I recently got out of a relationship that lasted over two years. As an 18-year-old, two years is a pretty large chunk of my life. If you had asked me at nearly any point of those two years where I saw myself in ten years, I had a very specific vision for my future. I planned on marrying the boy I was dating (hopefully with a honeymoon at Walt Disney World). Even though most of our relationship was during my high school career, I had no doubt in my mind that this man is the one I wanted to spend the rest of my life with. Sure, he wasn't perfect (no one is), but when you love someone, you are able to love their imperfections too. That's just what I did.
I also believed he looked at me the same way (and maybe he did, but I guess I'll never know). He expressed his desire to marry me someday, and we planned an intricate future together. He even went so far as to give me a promise ring, telling me outright that he would always be there for me.
Of course, as you know, things didn't work out the way we planned, and our future together fell apart.
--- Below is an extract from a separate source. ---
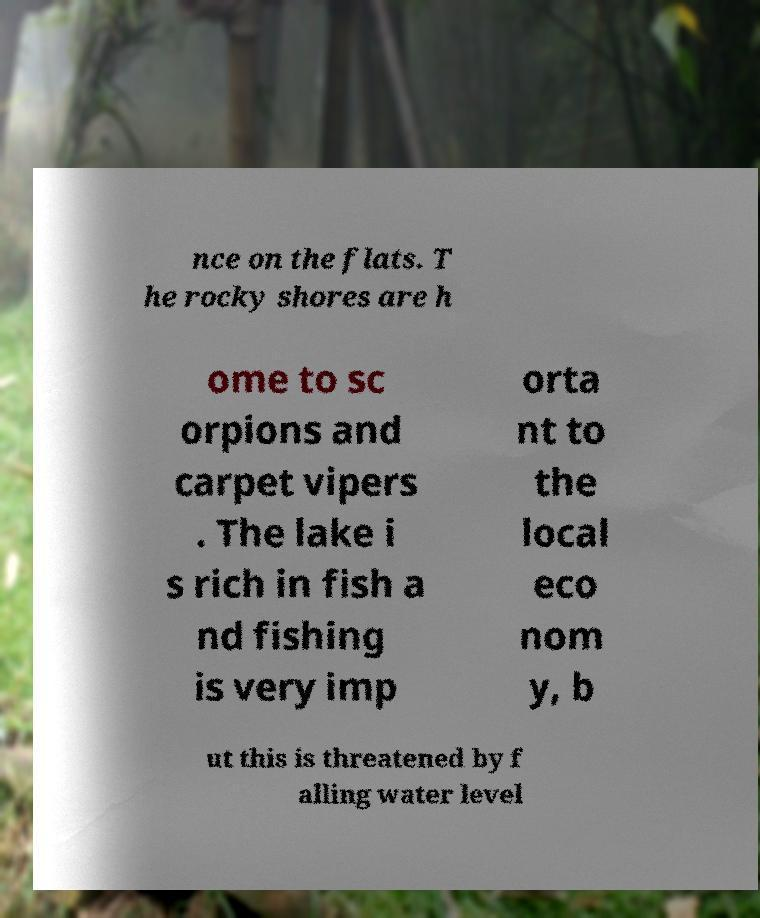Please identify and transcribe the text found in this image. nce on the flats. T he rocky shores are h ome to sc orpions and carpet vipers . The lake i s rich in fish a nd fishing is very imp orta nt to the local eco nom y, b ut this is threatened by f alling water level

I made the mistake of building almost my entire future around this one boy, and when our relationship crumbled, I was alone in the rubble.
The important thing to take away from this is that you never really know what the future holds. In all honesty, it's pretty much impossible to truly know what lies in store for tomorrow, the next day, or two years from now until it actually happens. Plans change, people leave, things get cancelled, and that's just a part of life. Frankly, developing a detailed and rigid play-by-play plan for your life without room for change or the unexpected is just setting yourself up to be let down. Plans don't go the way we want them to.
Now, I'm not saying to not plan at all. It's important to go to college, save money, and do whatever it is you do to make your future as bright and hopeful as possible. But there's a difference in flexibility here: your rigid plans won't account for the roller coaster of life, but planning ahead can help make the coaster less bumpy. It's important to see the difference.
So the next time someone asks you, "Where do you see yourself in ten years?" it's okay to have a plan, but remember to remain open and flexible for whatever cards you are dealt. Things may not go the way you intend for them to go, but no matter how badly your plans are messed up, it will always turn out okay in the end.